In PGI CUDA Fortran, data transfers in either direction between the host and device using Fortran assignment statements or the function cudaMemcpy() are blocking transfers; that is, control is returned to the host thread only after the data transfer is complete. The cudaMemcpyAsync() function is a non-blocking variant in which control is returned immediately to the host thread. In contrast with assignment statements or cudaMemcpy(), the asynchronous transfer version requires pinned host memory, and it contains an additional argument, a stream ID. A stream is simply a sequence of operations that are performed in order on the device. Operations in different streams can be interleaved and in some cases overlapped—a property that can be used to hide data transfers between the host and the device.

Asynchronous transfers enable overlap of data transfers with computation in two different ways. First, on all CUDA-enabled devices, it is possible to overlap host computation with asynchronous data transfers and with device computations. For example, the following code segment demonstrates how host computation in the routine cpuRoutine() is performed while data is transferred to the device and a kernel using the device is executed.

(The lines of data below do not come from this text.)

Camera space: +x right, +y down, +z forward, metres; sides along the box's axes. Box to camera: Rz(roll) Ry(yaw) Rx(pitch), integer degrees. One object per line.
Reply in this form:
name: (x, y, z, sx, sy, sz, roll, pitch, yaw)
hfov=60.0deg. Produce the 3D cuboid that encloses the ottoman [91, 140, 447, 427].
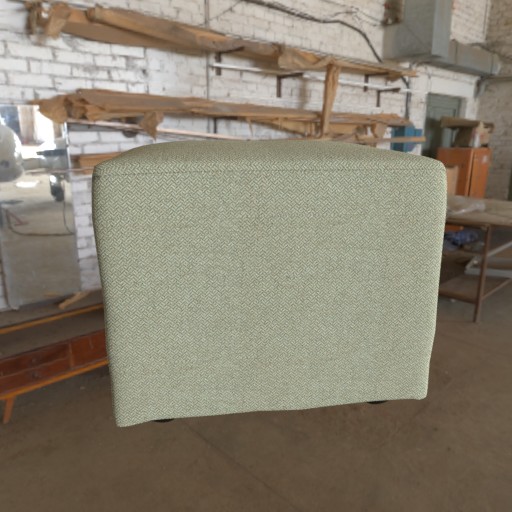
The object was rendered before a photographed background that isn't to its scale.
ottoman: (0.000, 0.000, 0.896, 0.521, 0.453, 0.512, -2, 15, -8)
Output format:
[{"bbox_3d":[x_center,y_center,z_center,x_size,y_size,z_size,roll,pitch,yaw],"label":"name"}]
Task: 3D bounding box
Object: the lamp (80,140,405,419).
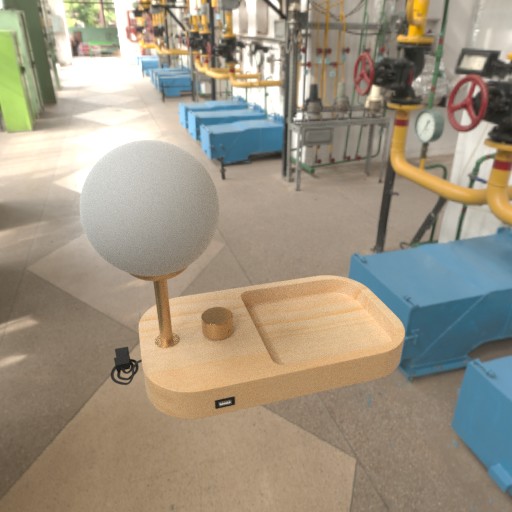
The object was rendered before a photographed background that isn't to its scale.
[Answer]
[{"bbox_3d":[0.000,0.000,0.468,0.331,0.253,0.173,-8,28,-15],"label":"lamp"}]
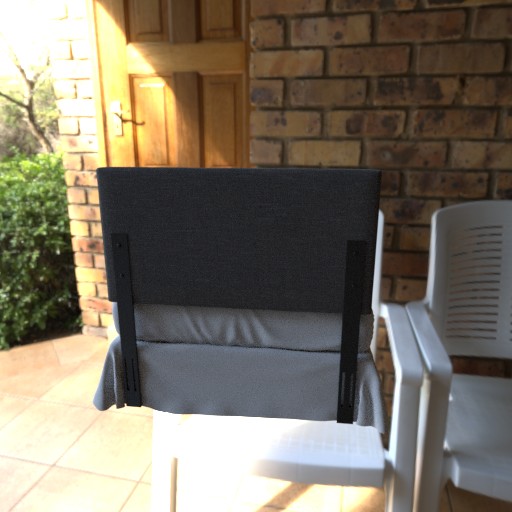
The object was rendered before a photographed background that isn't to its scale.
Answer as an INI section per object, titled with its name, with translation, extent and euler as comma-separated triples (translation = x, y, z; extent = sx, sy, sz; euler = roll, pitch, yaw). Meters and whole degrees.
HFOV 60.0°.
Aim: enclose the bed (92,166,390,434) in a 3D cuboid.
[bed]
translation = 0.000, 0.000, 3.645
extent = 1.936, 1.577, 2.222
euler = 2, 16, 7
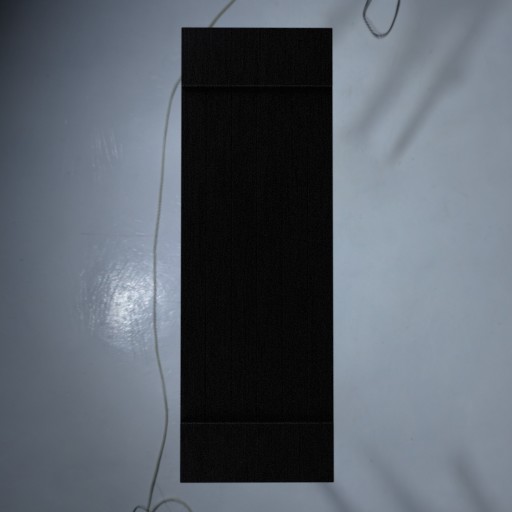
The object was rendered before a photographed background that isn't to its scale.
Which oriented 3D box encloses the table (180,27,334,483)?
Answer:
[{"bbox_3d":[0.000,0.000,1.418,0.373,0.768,1.062,0,89,0],"label":"table"}]
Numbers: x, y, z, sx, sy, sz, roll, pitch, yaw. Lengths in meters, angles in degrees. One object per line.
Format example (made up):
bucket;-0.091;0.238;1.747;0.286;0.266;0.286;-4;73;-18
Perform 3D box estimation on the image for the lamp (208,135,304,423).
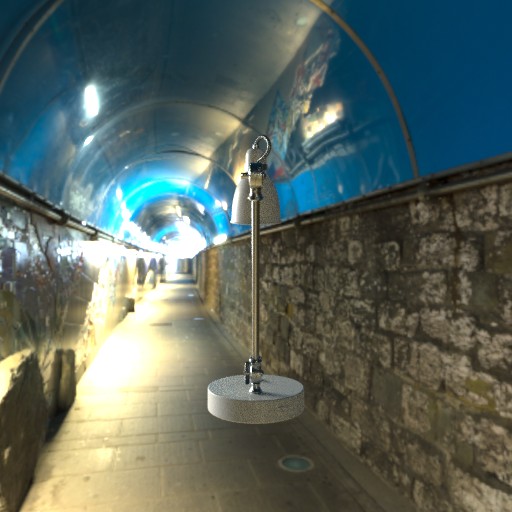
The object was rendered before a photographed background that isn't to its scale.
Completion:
lamp;0.000;0.000;0.897;0.187;0.587;0.561;0;-1;0
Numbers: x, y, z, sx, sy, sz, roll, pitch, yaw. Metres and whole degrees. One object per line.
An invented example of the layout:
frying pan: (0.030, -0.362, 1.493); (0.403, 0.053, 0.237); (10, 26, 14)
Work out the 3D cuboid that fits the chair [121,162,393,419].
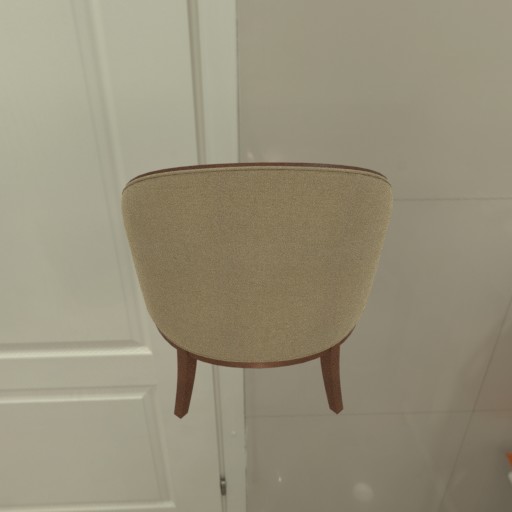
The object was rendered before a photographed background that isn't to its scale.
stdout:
chair: (0.000, 0.000, 1.515); (0.803, 0.876, 0.735); (-1, 29, -2)
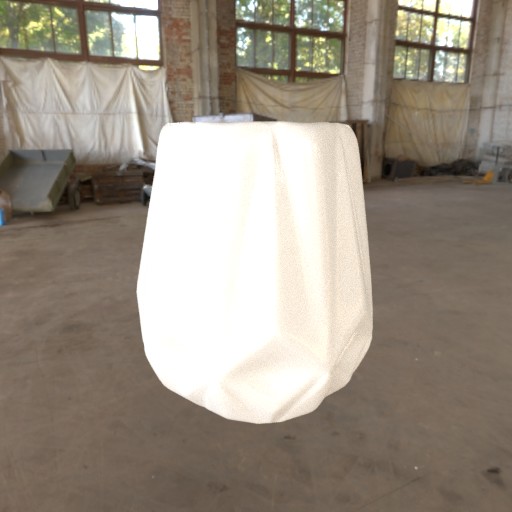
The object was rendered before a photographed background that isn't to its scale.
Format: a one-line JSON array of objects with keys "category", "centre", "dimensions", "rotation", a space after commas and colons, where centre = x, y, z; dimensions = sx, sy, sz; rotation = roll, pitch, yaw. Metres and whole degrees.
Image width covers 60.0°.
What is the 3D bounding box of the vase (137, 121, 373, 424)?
[{"category": "vase", "centre": [0.000, 0.000, 0.265], "dimensions": [0.141, 0.152, 0.141], "rotation": [0, 15, 0]}]
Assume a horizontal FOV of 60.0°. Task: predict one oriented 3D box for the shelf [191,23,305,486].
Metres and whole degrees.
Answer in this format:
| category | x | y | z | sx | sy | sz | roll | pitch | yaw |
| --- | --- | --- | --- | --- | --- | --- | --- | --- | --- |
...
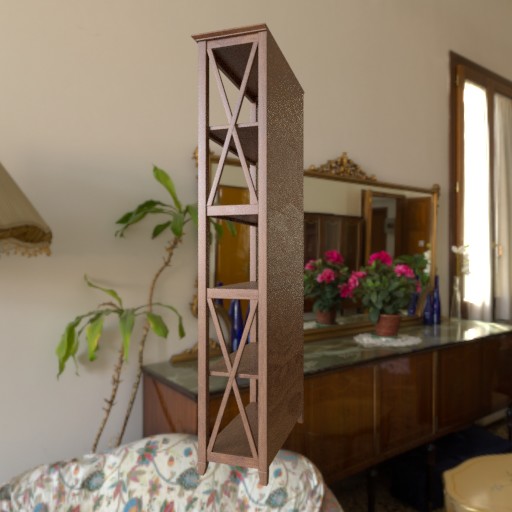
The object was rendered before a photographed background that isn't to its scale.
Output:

istat = cudaMemcpyAsync(a_d , a , nElements , 0)
call kernel <<<gridSize ,blockSize >>>(a_d)
call cpuRoutine(b)

The first three arguments of cudaMemcpyAsync() are the same as the three arguments to cudaMemcpy. The last argument is the stream ID, which in this case uses the default stream, stream 0. The kernel also uses the default stream, and it will not begin execution until the memory copy completes, therefore, no explicit synchronization is needed. Because the memory copy and the kernel both return control to the host immediately, the host subroutine cpuRoutine() can overlap their execution, although in the above example, the memory copy and kernel execution occur sequentially because they occupy the same stream.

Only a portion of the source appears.